“Берег утопии”
В первый свой приезд Стоппард пошел на “Лоренцаччо” (помню, после спектакля сказал: “Сегодня я не умнее спектакля”). Я объяснил, что актер, который играет Герцога, будет Герценом, а Лоренцаччо – Белинским. И он радостно выдохнул. Я придумал, что артисты выходят на сцену, и только после этого с ударом гонга в зале выключают свет. Он удивился: “Надо же, а нас учили по-другому”. Хотя не ясно, кто его учил.
Спектакль начинается в двенадцать, а заканчивается в двадцать два часа. Идет с пятью антрактами. В нем три части (“Путешествие”, “Кораблекрушение”, “Выброшенные на берег”), охватывающие тридцать пять лет жизни героев (действие начинается в 1833-м, в имении Прямухино у Бакуниных, затем – Париж 1848-го, Лондон 1850-х, заканчивается в 1868-м). Занято в постановке тридцать пять актеров, семьдесят персонажей. Соответственно огромное количество костюмов. Зримым эквивалентом движению времени стал разный колорит шести актов. Движение цвета – как движение времени: сперва палевые, потом голубые, потом терракотовые костюмы… Шили мы их в РАМТе, но пригласили на помощь специалистов из Музыкального театра имени Станиславского и Немировича-Данченко.
В министерстве спрашивали у Влада Любого: “Зачем вам все это надо?” Тот почему-то отвечал: “Это выведет театр на новый уровень”.
От пьесы другие театры отказывались, потому что не понимали, что она рассчитана на произнесение, а не на чтение. Например, во второй части есть монолог – Герцен обращается к рабочему. Я сетую: “Это очень тяжелый текст”. Стоппард: “Мне и в Англии то же самое говорили, а я отвечал: прочтите двенадцать раз подряд”. Он оказался прав.

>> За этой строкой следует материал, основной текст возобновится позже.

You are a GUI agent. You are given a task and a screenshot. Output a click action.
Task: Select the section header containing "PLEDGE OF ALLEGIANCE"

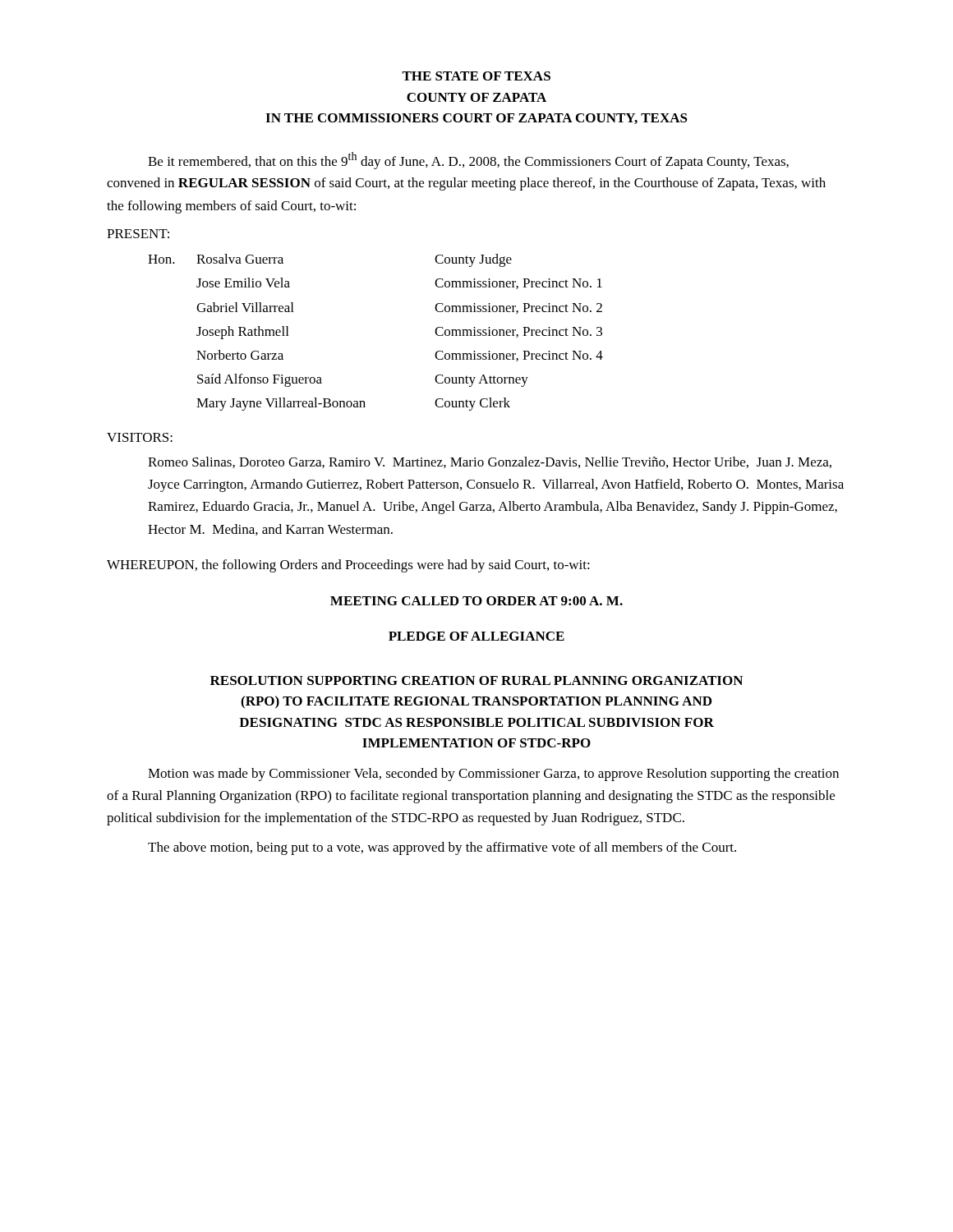tap(476, 637)

В Нормандии в отпуске гуляем мы с Лёлей, и вдруг возникает чувство, будто я прошел мимо чего-то важного. Я пошел назад: сидит человек, играет на инструменте, похожем на баян (оказалось – французский аккордеон), к ноге банка привязана. Я очень люблю уличных музыкантов, часами могу слушать в разных странах. Вернулся в Москву и говорю Илье Исаеву, который Герцена репетирует: “Давай разобьем этот монолог. Ты с ним обращаешься к уличному музыканту (то есть к Владу Погибе, который отлично играет на этом инструменте), а он ни слова по-русски не понимает и в ответ на твои слова исполняет что-то на аккордеоне”. Долго не пришлось объяснять, почему да отчего. Наташа Плэже написала музыку для этой сцены.

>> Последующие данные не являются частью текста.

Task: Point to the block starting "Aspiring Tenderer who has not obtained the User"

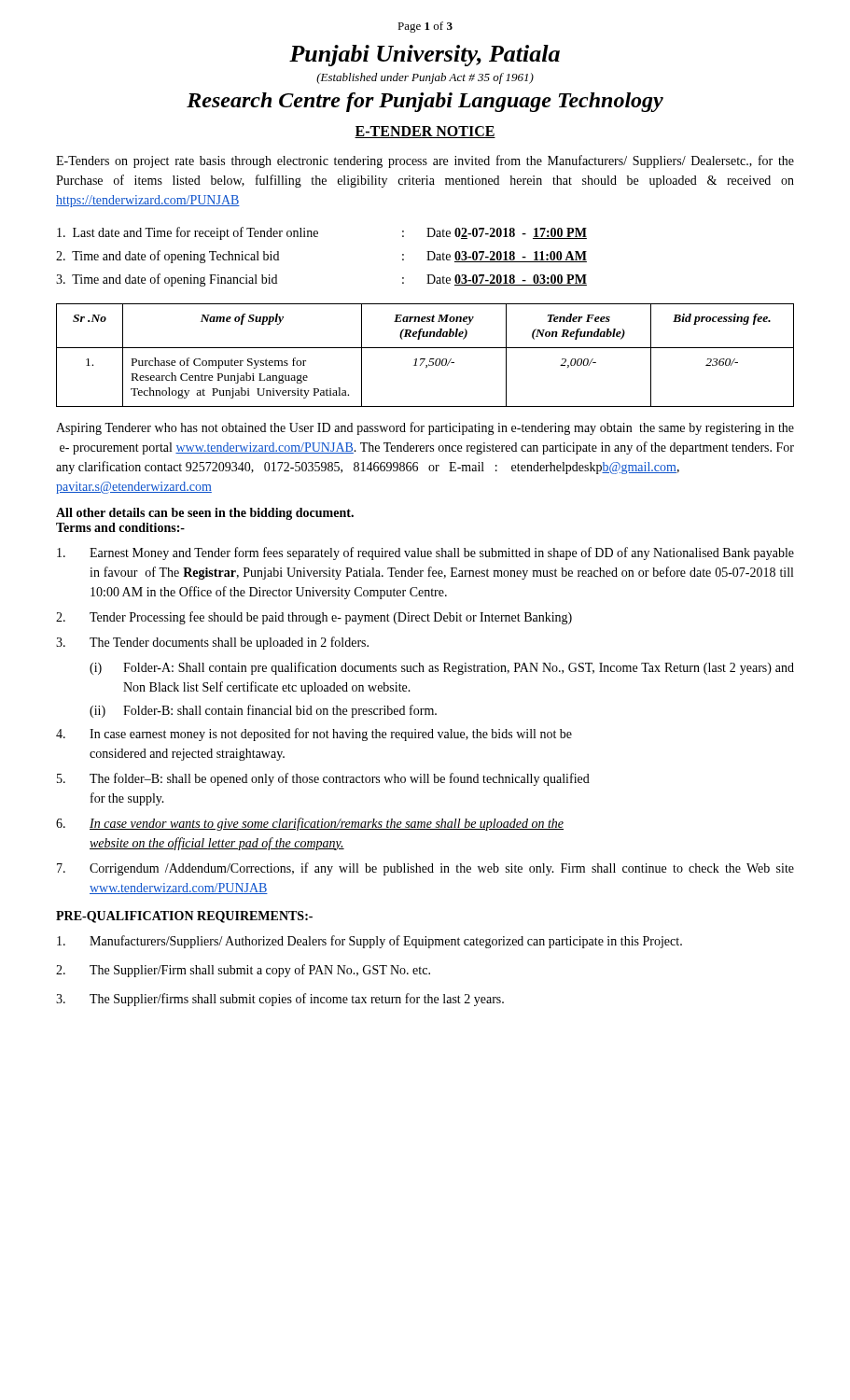Action: click(x=425, y=457)

Я помню, как мы искали способ существования в “Береге утопии”. Репетируем первую картину, до приезда Михаила Бакунина, застолье. Вроде мы уже сделали сцену, но мне кажется, что нужно еще все разложить на составляющие, иначе не будет понятно. И тут Нелли Уварова, которая в этой сцене не занята (она часто приходит на “чужие” репетиции), говорит: “Первый раз я вообще не поняла, что происходит, но было страшно интересно, а второй раз – наоборот”. Так, между прочим, и Стоппард рассуждает: если все понятно, значит, менее интересно. “Я люблю театр, но почему все так серьезно?” Разобрать необходимо, но потом начинается на сцене броуновское движение, а стоит начать его выпрямлять – что-то теряется.
Все сдвинулось с места, когда мы поняли, что это комедия, причем английская комедия, а не русская. Пьеса-то о русских людях, но весь ее строй – английский.
Придумали мы театральную группу – крестьяне, которые живут в Прямухине, мебель переставляют, поют. Песни Наташа Плэже нашла. Я решил, что надо через весь спектакль провести внешне оптимистично настроенных людей: крепостных крестьян, французских рабочих, итальянскую молодежь, короче говоря, тех, кто обслуживает хозяев. Таких людей, которые всем якобы довольны, но внутри постепенно нарастает протест, они ожесточаются и к третьей части становятся “бесами”.
С театральной точки зрения было поразительно интересно и увлекательно создать мир, находящийся во времени и движущийся в пространстве, перекидываясь из одной страны в другую. Мой замечательный соратник Андрей Рыклин сделал пластические переходы на разную музыку. И на одной из репетиций кто-то из актеров сел на балкон, посмотрел сверху на сцену и сказал: “Ребята, это то, что надо”.